The files are thus also witnesses of betrayal, opportunism and submission. However, they also document the fact that despite controls and repression people were not prepared to give up the freedom to live the way they wanted. They show that people preserved their decency, remained true to their conscience and demonstrated moral courage in the face of overpowering malevolence.

In addition to central access to personal 
records, however, the files can also be used by researchers and the media to educate the public about the actions of the Stasi. Access to the files is also permitted to check public employees or people in high-ranking positions in society. The files are also consulted to clarify pension issues and rehabilitation processes. People who were disadvantaged by the Stasi in their careers or spent time in prison can often only document that officially by consulting the Stasi files.

And society? Has it benefited from the opening of the records? The analysis of the GDR dictatorship has often resulted in heated debates. However, it is precisely the meticulous and painstaking depiction of repression contained in these secret police files that enables us to understand in detail how the Stasi functioned. It is the best prerequisite for preventing a repetition of this kind of dictatorship.

Knowing what it was like, discovering who acted how and why promote understanding. Clearly attributing responsibility and repaying debts are necessary steps.

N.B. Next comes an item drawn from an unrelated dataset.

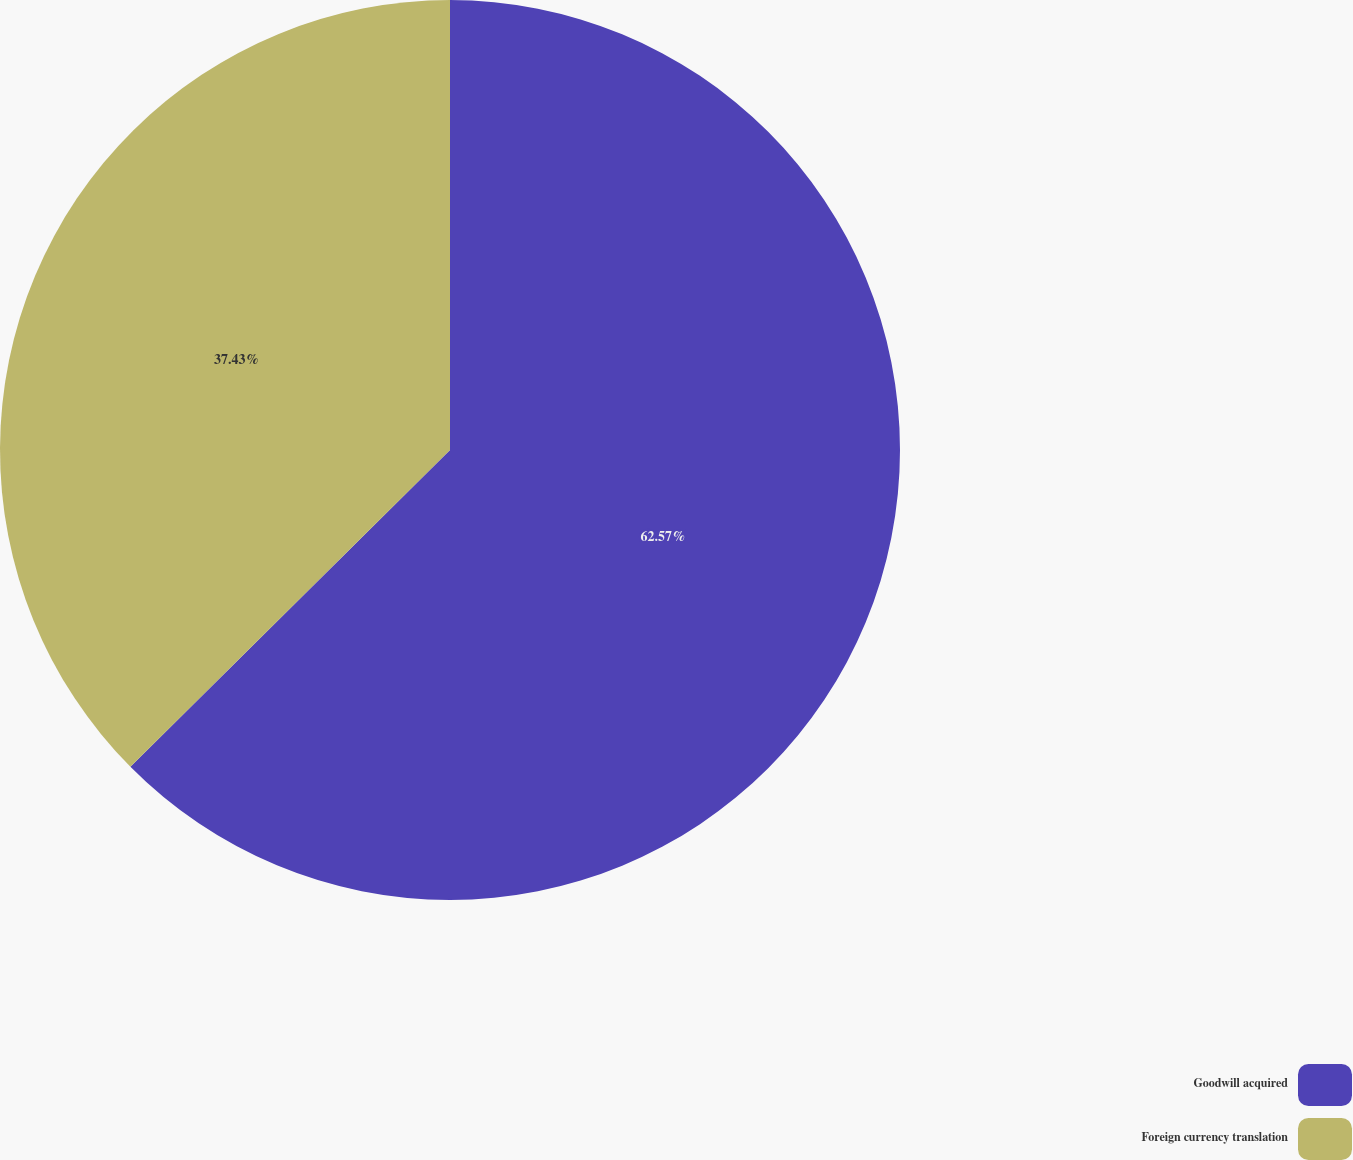Convert chart to OTSL. <chart><loc_0><loc_0><loc_500><loc_500><pie_chart><fcel>Goodwill acquired<fcel>Foreign currency translation<nl><fcel>62.57%<fcel>37.43%<nl></chart> 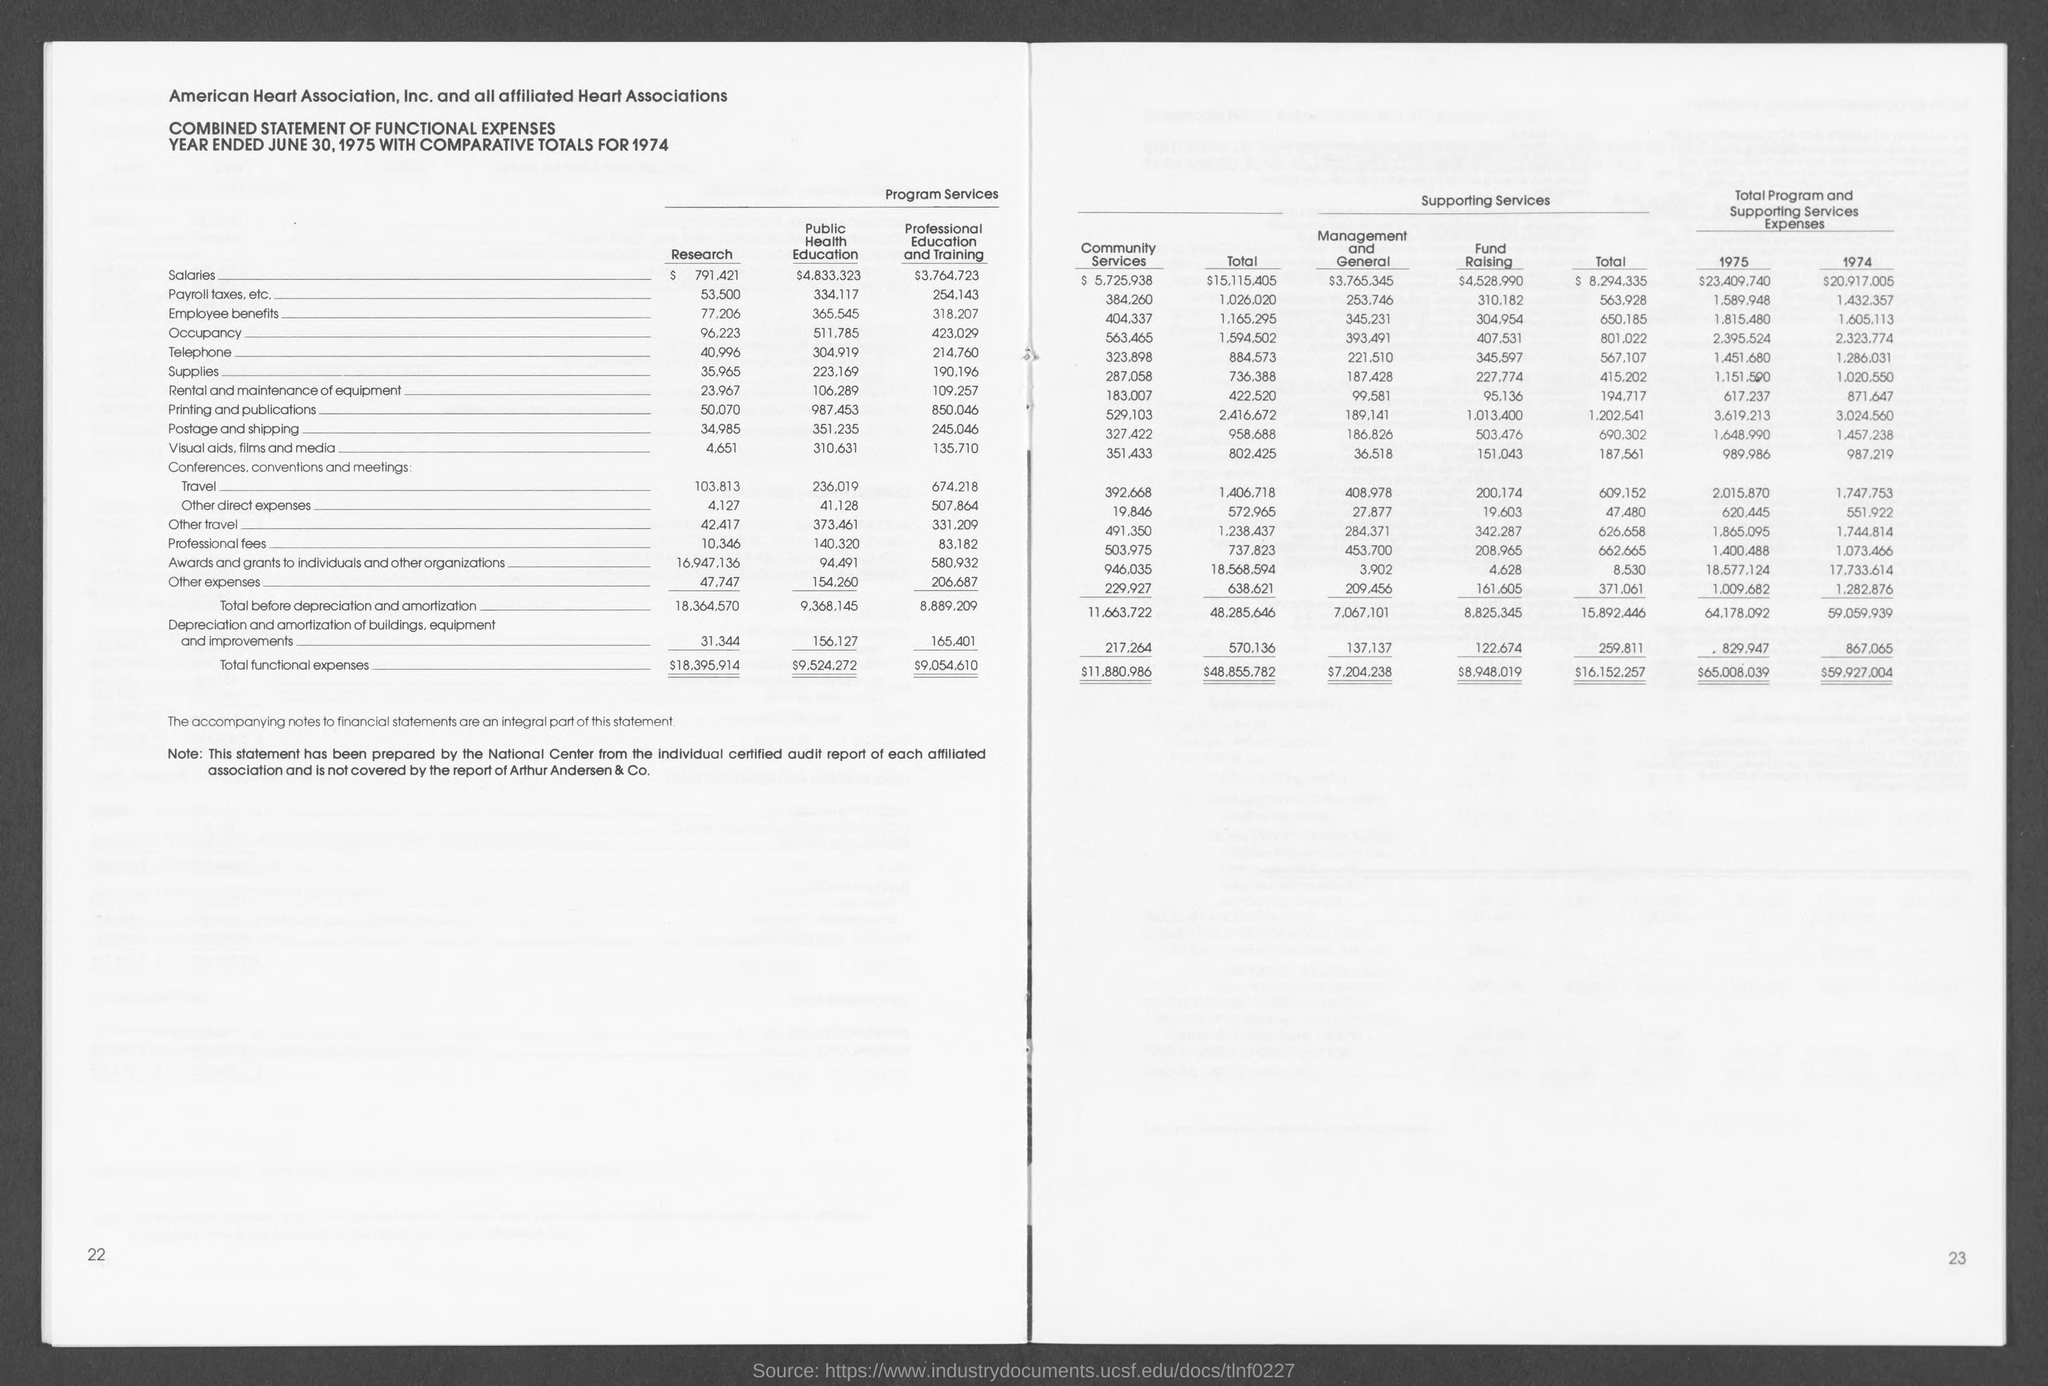Draw attention to some important aspects in this diagram. The total functional costs for public health education were $9,524,272. The total functional cost for professional education and training is $9,054.610. The total functional costs for research were $18,395.914.

This is the only way that those who suffered most under the dictatorship and found themselves in prison can make their peace with the new society and heal their wounds. However, recognition and attribution are not only important for those who were 
persecuted, but also for those who come 
after us. After all, the better we understand dictatorship, the better we can shape democracy. ▪

ROLAND JAHN

JOURNALIST AND CIVIL RIGHTS CAMPAIGNER. Roland Jahn has been 
the Federal Commissioner Preserving the Records of the State Security Service of the Former German Democratic Republic (GDR) since 15 March 2011. The GDR (1949–1990) was founded as a result of the division 
of Germany after the Second World War. Until the peaceful revolution and the fall of the Wall in autumn 1989 it was a dictatorship ruled by the Socialist Unity Party (SED). Jahn was born in Jena in 1950 and campaigned for freedom of expression in the GDR. After 1989 he intensively studied the consequences of the SED dictatorship.